Внезапно Тави поднял руку и нырнул. До дна было метра три. Я видел, как он проплыл над трещиной, вынырнул, засмеялся, сказал что-то брату и опять нырнул. Ронго и я держались на месте, следя за Тави. На этот раз он опустился ниже и остановился над трещиной. Из темноты протянулись зеленоватые веревки и обвились вокруг груди мальчика Я увидел большие выпуклые глаза осьминога и его отвратительный клюв. Осьминог оплел Тави щупальцами. Я чуть не глотнул воды от ужаса и, подняв голову, встретился со смеющимися глазами Ронго. Он набрал воздух и нырнул к брату. Я нырнул следом. Ронго сделал мне в воде знак не мешать ему.
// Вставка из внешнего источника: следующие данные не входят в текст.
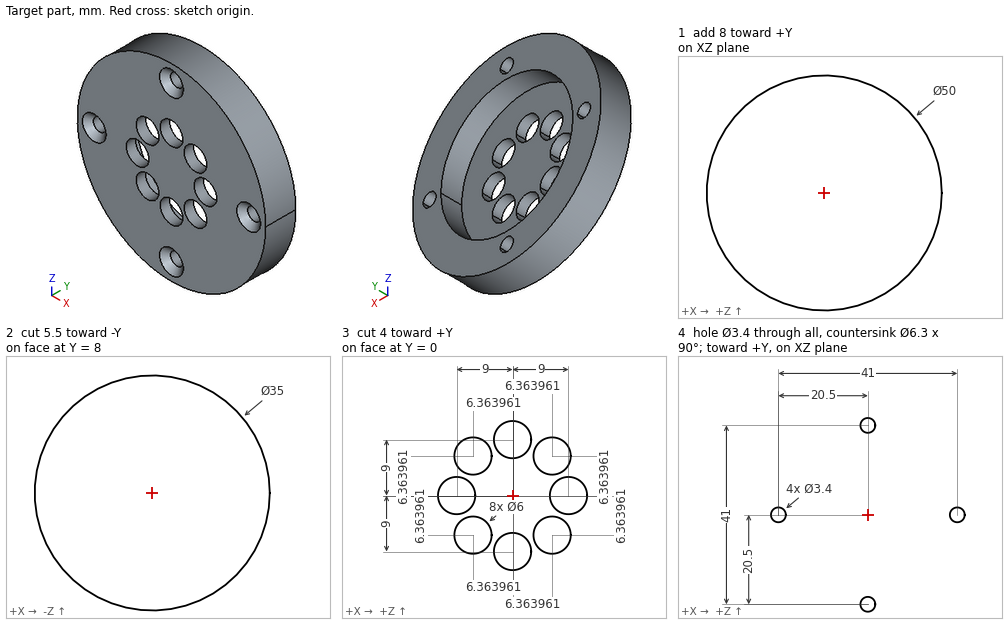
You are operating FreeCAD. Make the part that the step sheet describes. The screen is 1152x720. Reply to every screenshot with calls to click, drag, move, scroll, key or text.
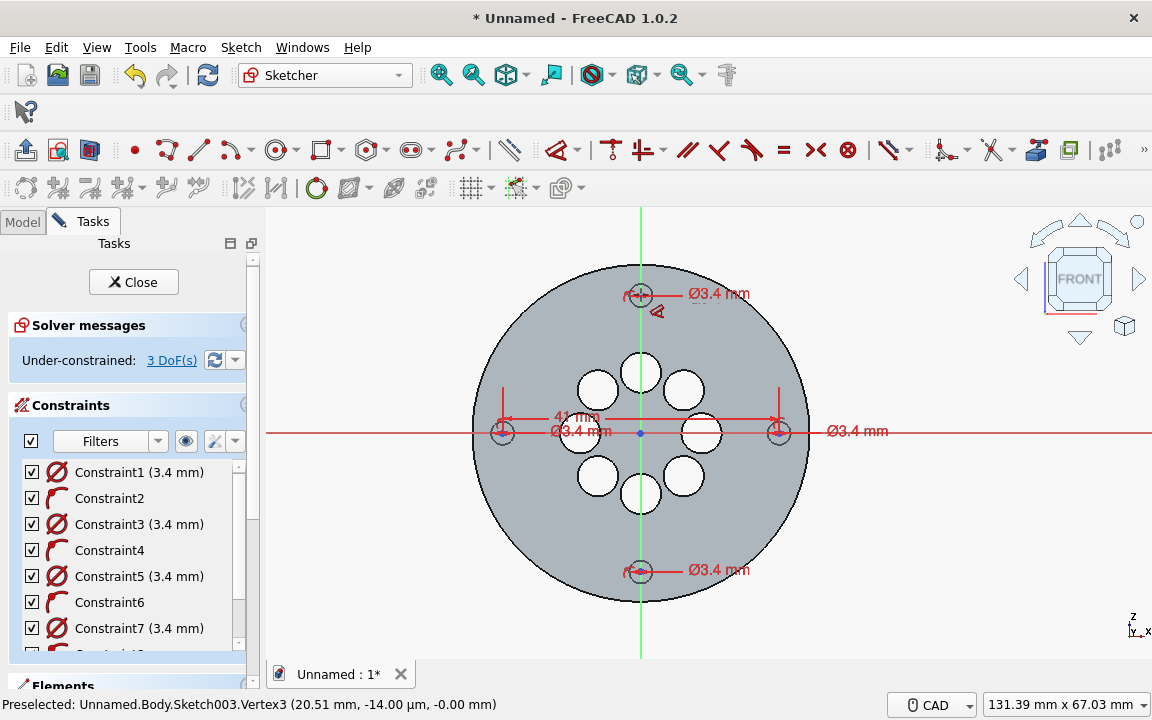
click(641, 572)
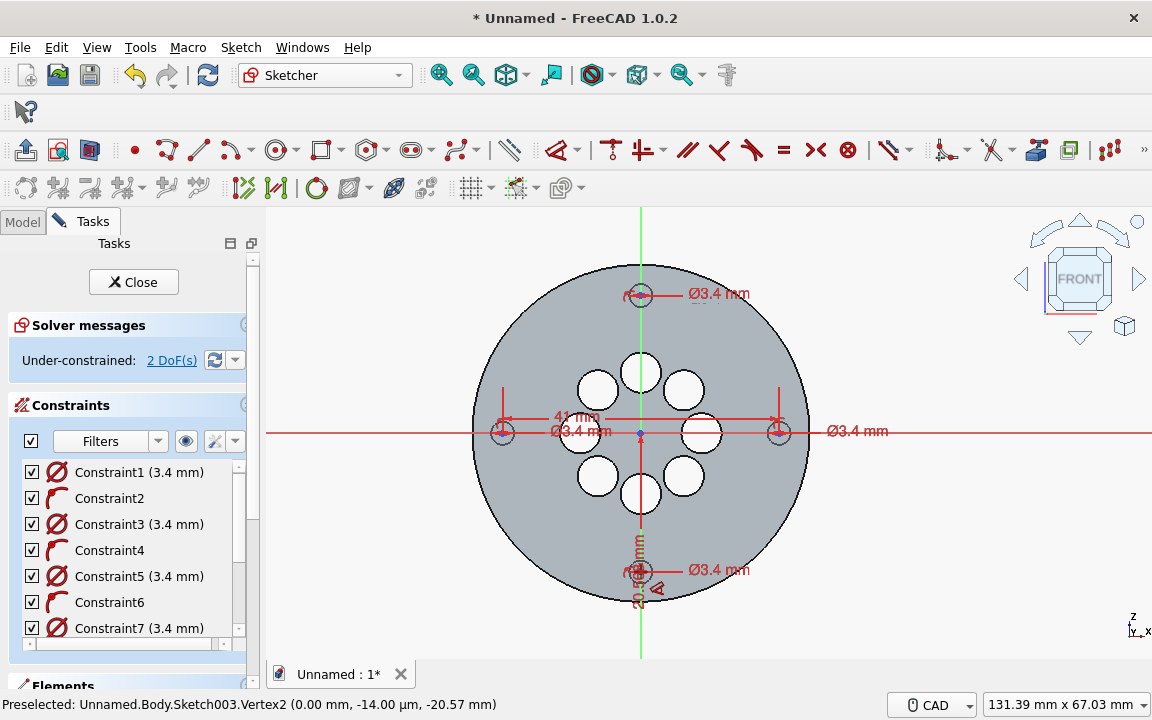
click(641, 296)
click(675, 370)
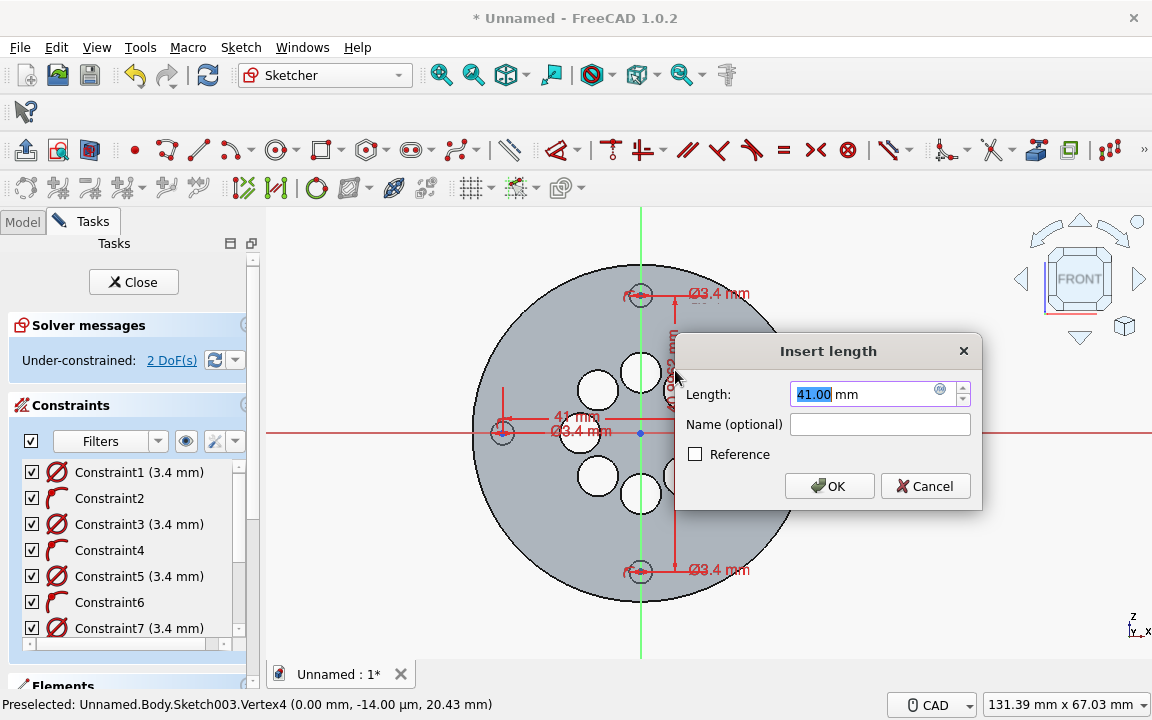
text(41)
key(Return)

Все-таки я не послушался и чуть было не испортил все дело. Я схватил Тави за руку и рванул к себе, а как я узнал после, человека-приманку следует очень осторожно тащить вверх, тогда осьминог отпускает те щупальца, которыми он держится за скалу, стараясь не упустить добычу. При сильном рывке он может еще крепче уцепиться за камни, и тогда его никакой силой не оторвать от них.
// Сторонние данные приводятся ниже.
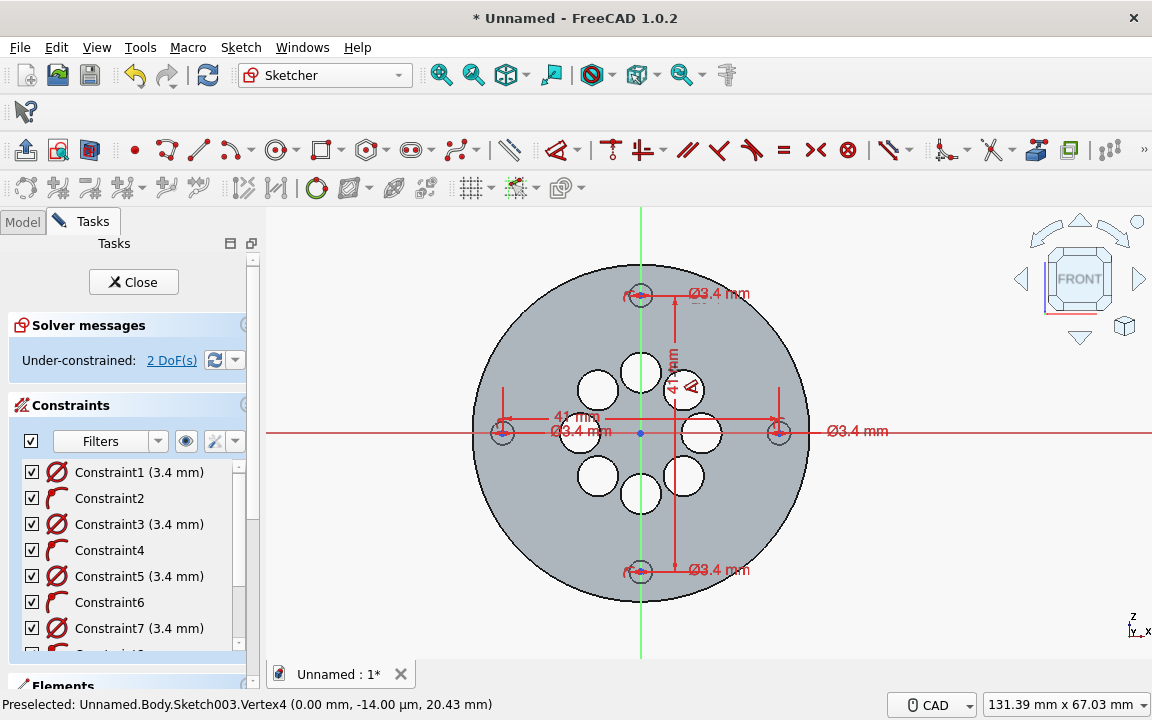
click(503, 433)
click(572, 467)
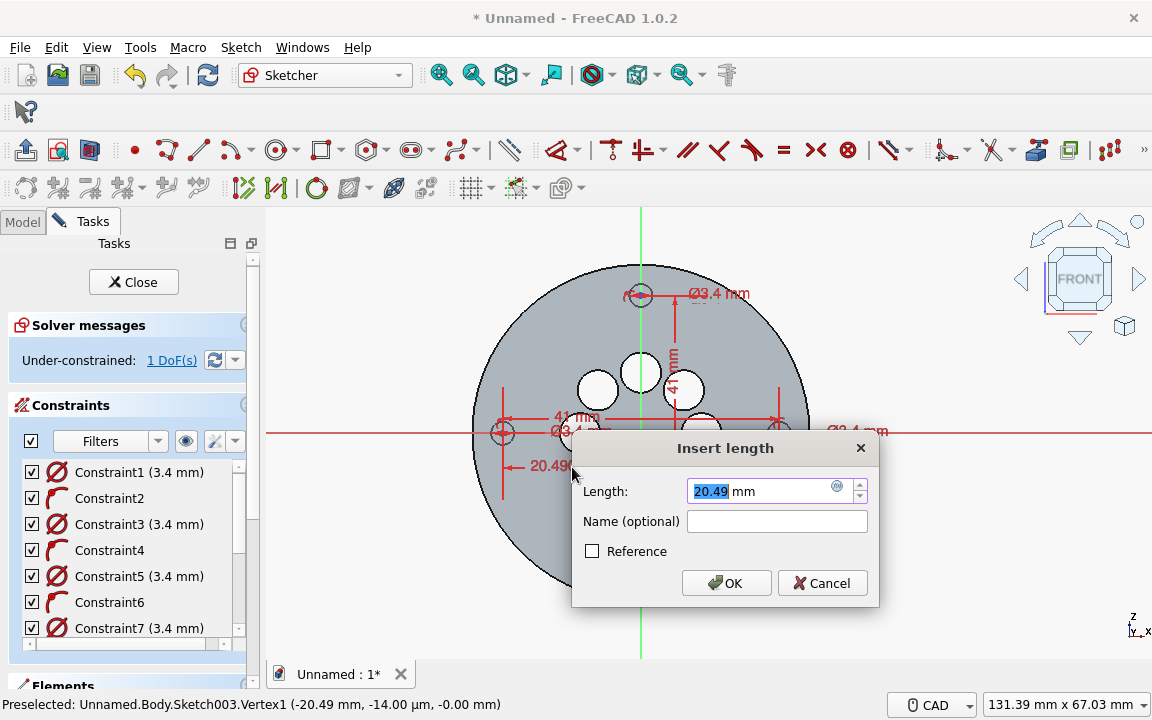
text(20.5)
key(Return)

На этот раз все обошлось хорошо. Тави в объятиях осьминога всплыл на поверхность, и тут я увидел заключительную часть охоты. Ронго схватил морду осьминога, оторвал его клюв от груди брата
и… меня замутило от страха и отвращения. Этот мальчишка впился зубами в хрящ между огромными глазами страшилища. Мгновенно щупальца осьминога отстали от тела мальчика, и Тави поплыл к берегу, часто оглядываясь и разговаривая с братом, как будто ничего особенного не случилось. Эти ребята всегда вызывали во мне чувство завистливого восхищения. Они плавали, как рыбы, акулы были для них вроде злых собак, от которых не так уж трудно отбиться или перехитрить их. А победа над осьминогом неизмеримо подняла Тави и Ронго в моих глазах.
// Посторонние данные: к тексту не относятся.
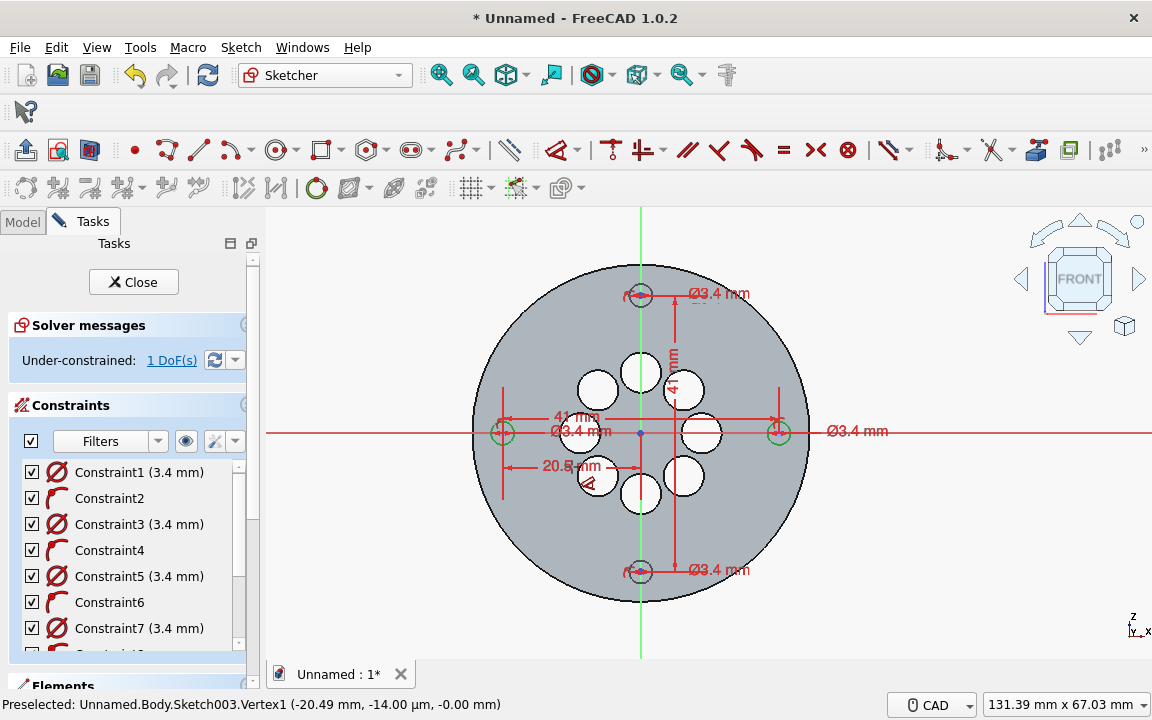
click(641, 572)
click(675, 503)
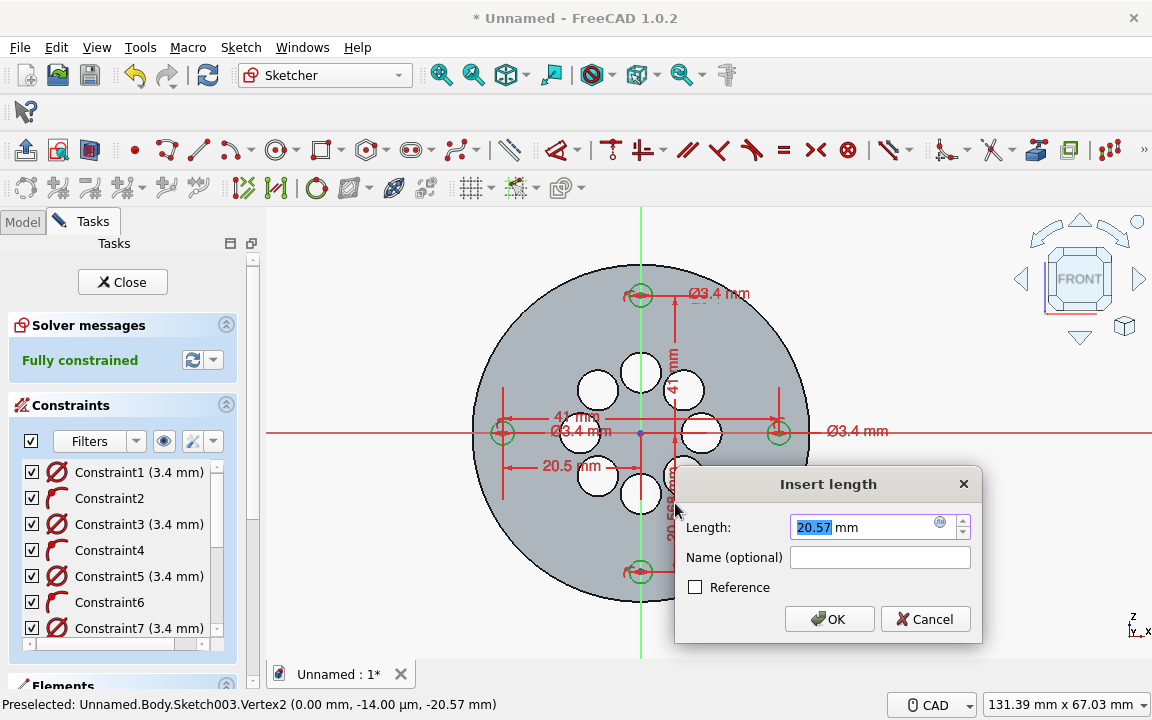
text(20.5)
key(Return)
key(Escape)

Отдохнув на рифе, братья поплыли опять на розыски.. На этот раз приманкой был Ронго. Так, чередуясь, они добыли еще двух небольших осьминогов. Когда мы в третий раз вылезли на риф отдохнуть, Ронго ткнул меня пальцем в живот и, скаля белые зубы, показал глазами на воду. Брат его стал что-то быстро объяснять мне, наверное уверяя, что ничего страшного и опасного нет в этой пустяковой охоте.
Я кивнул, давая понять, что сам проделывал не такие шутки, и как можно беззаботней улыбнулся, хотя мне было, по правде сказать, не до улыбок. Живой осьминог, выглядывающий из своей засады, был так мало похож на тех оранжево-серых существ, что безжизненными комочками лежали у наших ног!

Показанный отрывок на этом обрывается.